§ **SUPPLIED INFORMATION**
----------------

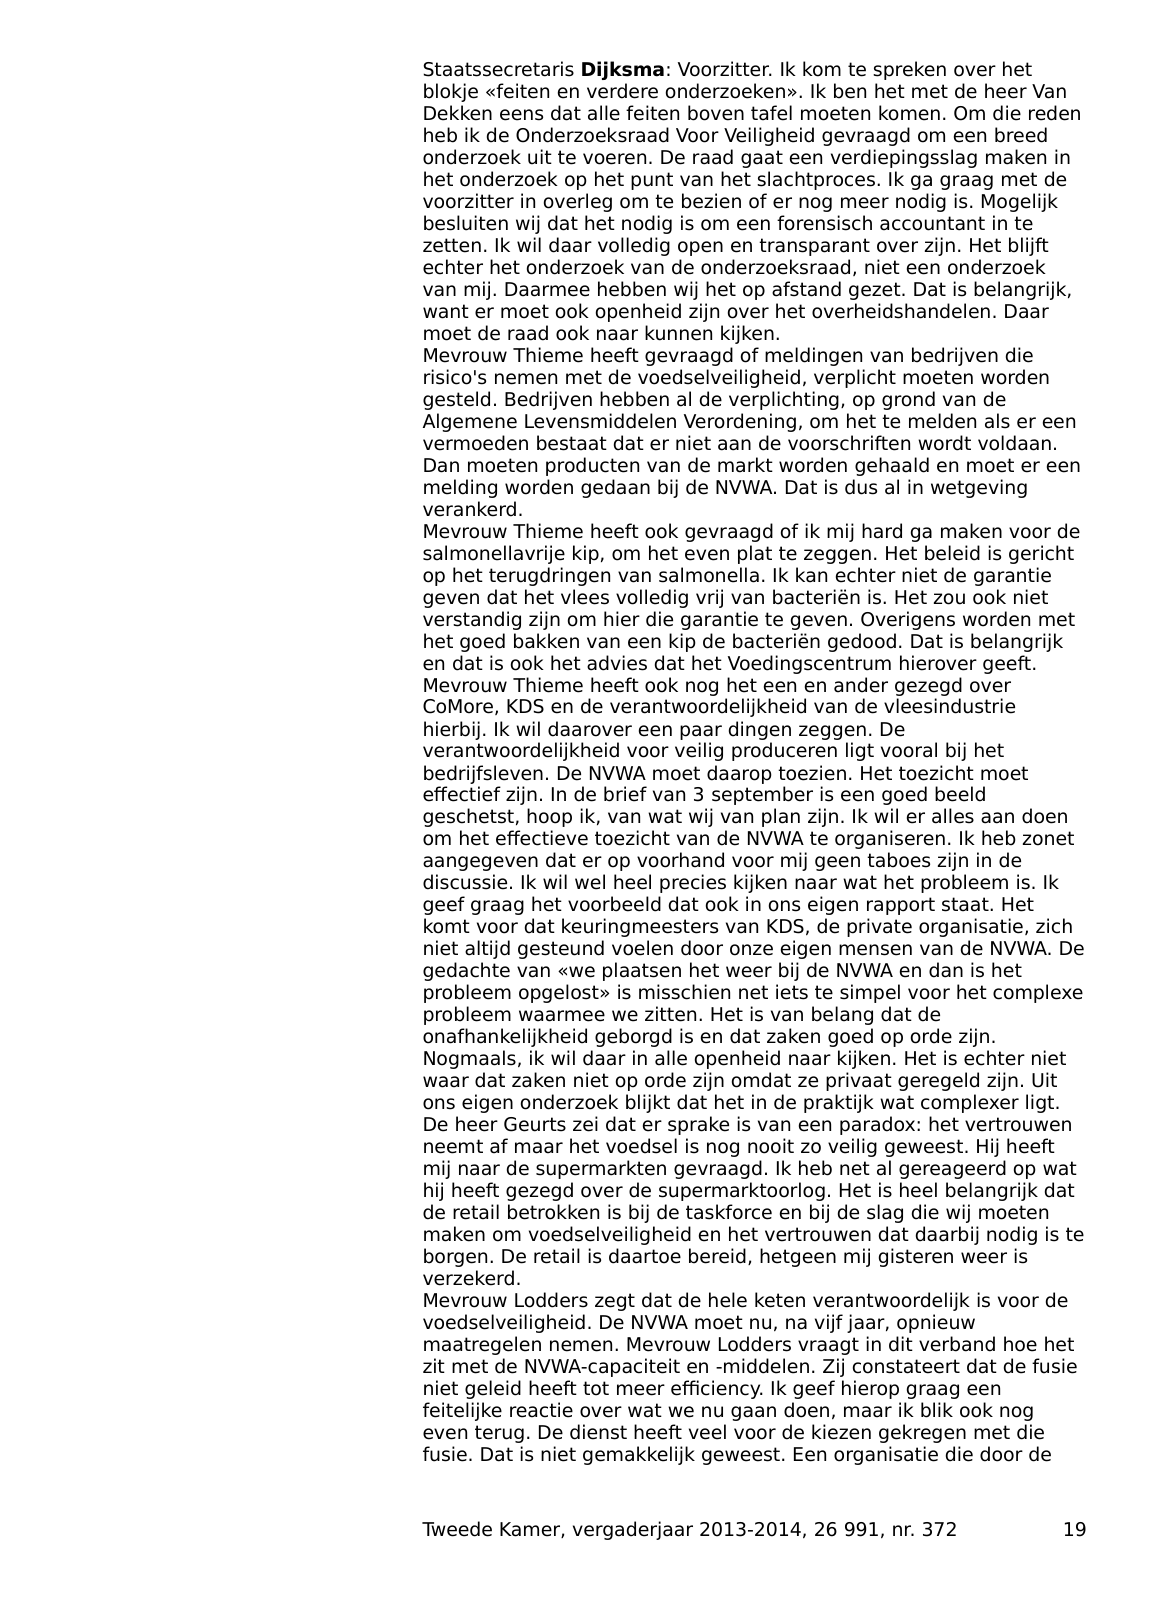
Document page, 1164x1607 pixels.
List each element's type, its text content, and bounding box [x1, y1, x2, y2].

text Mevrouw Thieme heeft ook gevraagd of ik mij hard ga maken voor de salmonellavrije kip, om het even plat te zeggen. Het beleid is gericht op het terugdringen van salmonella. Ik kan echter niet de garantie geven dat het vlees volledig vrij van bacteriën is. Het zou ook niet verstandig zijn om hier die garantie te geven. Overigens worden met het goed bakken van een kip de bacteriën gedood. Dat is belangrijk en dat is ook het advies dat het Voedingscentrum hierover geeft. [422, 521, 1087, 674]
text De heer Geurts zei dat er sprake is van een paradox: het vertrouwen neemt af maar het voedsel is nog nooit zo veilig geweest. Hij heeft mij naar de supermarkten gevraagd. Ik heb net al gereageerd op wat hij heeft gezegd over de supermarktoorlog. Het is heel belangrijk dat de retail betrokken is bij de taskforce en bij de slag die wij moeten maken om voedselveiligheid en het vertrouwen dat daarbij nodig is te borgen. De retail is daartoe bereid, hetgeen mij gisteren weer is verzekerd. [422, 1114, 1087, 1290]
text Staatssecretaris Dijksma: Voorzitter. Ik kom te spreken over het blokje «feiten en verdere onderzoeken». Ik ben het met de heer Van Dekken eens dat alle feiten boven tafel moeten komen. Om die reden heb ik de Onderzoeksraad Voor Veiligheid gevraagd om een breed onderzoek uit te voeren. De raad gaat een verdiepingsslag maken in het onderzoek op het punt van het slachtproces. Ik ga graag met de voorzitter in overleg om te bezien of er nog meer nodig is. Mogelijk besluiten wij dat het nodig is om een forensisch accountant in te zetten. Ik wil daar volledig open en transparant over zijn. Het blijft echter het onderzoek van de onderzoeksraad, niet een onderzoek van mij. Daarmee hebben wij het op afstand gezet. Dat is belangrijk, want er moet ook openheid zijn over het overheidshandelen. Daar moet de raad ook naar kunnen kijken. [422, 59, 1087, 345]
text Mevrouw Thieme heeft gevraagd of meldingen van bedrijven die risico's nemen met de voedselveiligheid, verplicht moeten worden gesteld. Bedrijven hebben al de verplichting, op grond van de Algemene Levensmiddelen Verordening, om het te melden als er een vermoeden bestaat dat er niet aan de voorschriften wordt voldaan. Dan moeten producten van de markt worden gehaald en moet er een melding worden gedaan bij de NVWA. Dat is dus al in wetgeving verankerd. [422, 345, 1087, 521]
text Mevrouw Thieme heeft ook nog het een en ander gezegd over CoMore, KDS en de verantwoordelijkheid van de vleesindustrie hierbij. Ik wil daarover een paar dingen zeggen. De verantwoordelijkheid voor veilig produceren ligt vooral bij het bedrijfsleven. De NVWA moet daarop toezien. Het toezicht moet effectief zijn. In de brief van 3 september is een goed beeld geschetst, hoop ik, van wat wij van plan zijn. Ik wil er alles aan doen om het effectieve toezicht van de NVWA te organiseren. Ik heb zonet aangegeven dat er op voorhand voor mij geen taboes zijn in de discussie. Ik wil wel heel precies kijken naar wat het probleem is. Ik geef graag het voorbeeld dat ook in ons eigen rapport staat. Het komt voor dat keuringmeesters van KDS, de private organisatie, zich niet altijd gesteund voelen door onze eigen mensen van de NVWA. De gedachte van «we plaatsen het weer bij de NVWA en dan is het probleem opgelost» is misschien net iets te simpel voor het complexe probleem waarmee we zitten. Het is van belang dat de onafhankelijkheid geborgd is en dat zaken goed op orde zijn. Nogmaals, ik wil daar in alle openheid naar kijken. Het is echter niet waar dat zaken niet op orde zijn omdat ze privaat geregeld zijn. Uit ons eigen onderzoek blijkt dat het in de praktijk wat complexer ligt. [422, 674, 1087, 1114]
text Mevrouw Lodders zegt dat de hele keten verantwoordelijk is voor de voedselveiligheid. De NVWA moet nu, na vijf jaar, opnieuw maatregelen nemen. Mevrouw Lodders vraagt in dit verband hoe het zit met de NVWA-capaciteit en -middelen. Zij constateert dat de fusie niet geleid heeft tot meer efficiency. Ik geef hierop graag een feitelijke reactie over wat we nu gaan doen, maar ik blik ook nog even terug. De dienst heeft veel voor de kiezen gekregen met die fusie. Dat is niet gemakkelijk geweest. Een organisatie die door de [422, 1290, 1087, 1466]

----------------

§ **PROBLEM**
Now reproduce all of the entries precisely, with no pictures in the copy.

§ **FINISHED EXERCISE**
Document page, 1164x1607 pixels.
List each element's type, its text content, and bounding box [x1, y1, x2, y2].

text Mevrouw Thieme heeft ook gevraagd of ik mij hard ga maken voor de salmonellavrije kip, om het even plat te zeggen. Het beleid is gericht op het terugdringen van salmonella. Ik kan echter niet de garantie geven dat het vlees volledig vrij van bacteriën is. Het zou ook niet verstandig zijn om hier die garantie te geven. Overigens worden met het goed bakken van een kip de bacteriën gedood. Dat is belangrijk en dat is ook het advies dat het Voedingscentrum hierover geeft. [422, 521, 1087, 674]
text De heer Geurts zei dat er sprake is van een paradox: het vertrouwen neemt af maar het voedsel is nog nooit zo veilig geweest. Hij heeft mij naar de supermarkten gevraagd. Ik heb net al gereageerd op wat hij heeft gezegd over de supermarktoorlog. Het is heel belangrijk dat de retail betrokken is bij de taskforce en bij de slag die wij moeten maken om voedselveiligheid en het vertrouwen dat daarbij nodig is te borgen. De retail is daartoe bereid, hetgeen mij gisteren weer is verzekerd. [422, 1114, 1087, 1290]
text Staatssecretaris Dijksma: Voorzitter. Ik kom te spreken over het blokje «feiten en verdere onderzoeken». Ik ben het met de heer Van Dekken eens dat alle feiten boven tafel moeten komen. Om die reden heb ik de Onderzoeksraad Voor Veiligheid gevraagd om een breed onderzoek uit te voeren. De raad gaat een verdiepingsslag maken in het onderzoek op het punt van het slachtproces. Ik ga graag met de voorzitter in overleg om te bezien of er nog meer nodig is. Mogelijk besluiten wij dat het nodig is om een forensisch accountant in te zetten. Ik wil daar volledig open en transparant over zijn. Het blijft echter het onderzoek van de onderzoeksraad, niet een onderzoek van mij. Daarmee hebben wij het op afstand gezet. Dat is belangrijk, want er moet ook openheid zijn over het overheidshandelen. Daar moet de raad ook naar kunnen kijken. [422, 59, 1087, 345]
text Mevrouw Thieme heeft gevraagd of meldingen van bedrijven die risico's nemen met de voedselveiligheid, verplicht moeten worden gesteld. Bedrijven hebben al de verplichting, op grond van de Algemene Levensmiddelen Verordening, om het te melden als er een vermoeden bestaat dat er niet aan de voorschriften wordt voldaan. Dan moeten producten van de markt worden gehaald en moet er een melding worden gedaan bij de NVWA. Dat is dus al in wetgeving verankerd. [422, 345, 1087, 521]
text Mevrouw Thieme heeft ook nog het een en ander gezegd over CoMore, KDS en de verantwoordelijkheid van de vleesindustrie hierbij. Ik wil daarover een paar dingen zeggen. De verantwoordelijkheid voor veilig produceren ligt vooral bij het bedrijfsleven. De NVWA moet daarop toezien. Het toezicht moet effectief zijn. In de brief van 3 september is een goed beeld geschetst, hoop ik, van wat wij van plan zijn. Ik wil er alles aan doen om het effectieve toezicht van de NVWA te organiseren. Ik heb zonet aangegeven dat er op voorhand voor mij geen taboes zijn in de discussie. Ik wil wel heel precies kijken naar wat het probleem is. Ik geef graag het voorbeeld dat ook in ons eigen rapport staat. Het komt voor dat keuringmeesters van KDS, de private organisatie, zich niet altijd gesteund voelen door onze eigen mensen van de NVWA. De gedachte van «we plaatsen het weer bij de NVWA en dan is het probleem opgelost» is misschien net iets te simpel voor het complexe probleem waarmee we zitten. Het is van belang dat de onafhankelijkheid geborgd is en dat zaken goed op orde zijn. Nogmaals, ik wil daar in alle openheid naar kijken. Het is echter niet waar dat zaken niet op orde zijn omdat ze privaat geregeld zijn. Uit ons eigen onderzoek blijkt dat het in de praktijk wat complexer ligt. [422, 674, 1087, 1114]
text Mevrouw Lodders zegt dat de hele keten verantwoordelijk is voor de voedselveiligheid. De NVWA moet nu, na vijf jaar, opnieuw maatregelen nemen. Mevrouw Lodders vraagt in dit verband hoe het zit met de NVWA-capaciteit en -middelen. Zij constateert dat de fusie niet geleid heeft tot meer efficiency. Ik geef hierop graag een feitelijke reactie over wat we nu gaan doen, maar ik blik ook nog even terug. De dienst heeft veel voor de kiezen gekregen met die fusie. Dat is niet gemakkelijk geweest. Een organisatie die door de [422, 1290, 1087, 1466]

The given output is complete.